Back to Airflow

dbt Cloud Operators

providers/dbt/cloud/docs/operators.rst

3.2.18.2 KB
Original Source

.. Licensed to the Apache Software Foundation (ASF) under one or more contributor license agreements. See the NOTICE file distributed with this work for additional information regarding copyright ownership. The ASF licenses this file to you under the Apache License, Version 2.0 (the "License"); you may not use this file except in compliance with the License. You may obtain a copy of the License at

.. http://www.apache.org/licenses/LICENSE-2.0

.. Unless required by applicable law or agreed to in writing, software distributed under the License is distributed on an "AS IS" BASIS, WITHOUT WARRANTIES OR CONDITIONS OF ANY KIND, either express or implied. See the License for the specific language governing permissions and limitations under the License.

dbt Cloud Operators

These operators can execute dbt Cloud jobs, poll for status of a currently-executing job, and download run artifacts locally.

Each of the operators can be tied to a specific dbt Cloud Account in two ways:

* Explicitly provide the Account ID (via the ``account_id`` parameter) to the operator.
* Or, specify the dbt Cloud Account in the Airflow Connection. The operators will fallback to using this
  automatically if the Account ID is not passed to the operator.

.. _howto/operator:DbtCloudRunJobOperator:

Trigger a dbt Cloud Job


Use the :class:`~airflow.providers.dbt.cloud.operators.dbt.DbtCloudRunJobOperator` to trigger a run of a dbt
Cloud job. By default, the operator will periodically check on the status of the executed job to terminate
with a successful status every ``check_interval`` seconds or until the job reaches a ``timeout`` length of
execution time. This functionality is controlled by the ``wait_for_termination`` parameter. Alternatively,
``wait_for_termination`` can be set to False to perform an asynchronous wait (typically paired with the
:class:`~airflow.providers.dbt.cloud.sensors.dbt.DbtCloudJobRunSensor`). Setting ``wait_for_termination`` to
False is a good approach for long-running dbt Cloud jobs.

The ``deferrable`` parameter along with ``wait_for_termination`` will control the functionality
whether to poll the job status on the worker or defer using the Triggerer.
When ``wait_for_termination`` is True and ``deferrable`` is False,we submit the job and ``poll``
for its status on the worker. This will keep the worker slot occupied till the job execution is done.
When ``wait_for_termination`` is True and ``deferrable`` is True,
we submit the job and ``defer`` using Triggerer. This will release the worker slot leading to savings in
resource utilization while the job is running.
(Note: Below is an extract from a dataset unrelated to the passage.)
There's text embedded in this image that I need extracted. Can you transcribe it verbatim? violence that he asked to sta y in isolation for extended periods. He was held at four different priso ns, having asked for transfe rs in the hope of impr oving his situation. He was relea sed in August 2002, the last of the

When ``wait_for_termination`` is False and ``deferrable`` is False, we just submit the job and can only
track the job status with the :class:`~airflow.providers.dbt.cloud.sensors.dbt.DbtCloudJobRunSensor`.

When ``retry_from_failure`` is True, we retry the run for a job from the point of failure,
if the run failed. Otherwise we trigger a new run.
For more information on the retry logic, reference the
`API documentation <https://docs.getdbt.com/dbt-cloud/api-v2#/operations/Retry%20Failed%20Job>`__.

While ``schema_override`` and ``steps_override`` are explicit, optional parameters for the
``DbtCloudRunJobOperator``, custom run configurations can also be passed to the operator using the
``additional_run_config`` dictionary. This parameter can be used to initialize additional runtime
configurations or overrides for the job run such as ``threads_override``, ``generate_docs_override``,
``git_branch``, etc. For a complete list of the other configurations that can used at runtime, reference the
`API documentation <https://docs.getdbt.com/dbt-cloud/api-v2#operation/triggerRun>`__.

The below examples demonstrate how to instantiate DbtCloudRunJobOperator tasks with both synchronous and
asynchronous waiting for run termination, respectively. To note, the ``account_id`` for the operators is
referenced within the ``default_args`` of the example Dag.

.. exampleinclude:: /../tests/system/dbt/cloud/example_dbt_cloud.py
    :language: python
    :dedent: 4
    :start-after: [START howto_operator_dbt_cloud_run_job]
    :end-before: [END howto_operator_dbt_cloud_run_job]

This next example also shows how to pass in custom runtime configuration (in this case for ``threads_override``)
via the ``additional_run_config`` dictionary.

.. exampleinclude:: /../tests/system/dbt/cloud/example_dbt_cloud.py
    :language: python
    :dedent: 4
    :start-after: [START howto_operator_dbt_cloud_run_job_async]
    :end-before: [END howto_operator_dbt_cloud_run_job_async]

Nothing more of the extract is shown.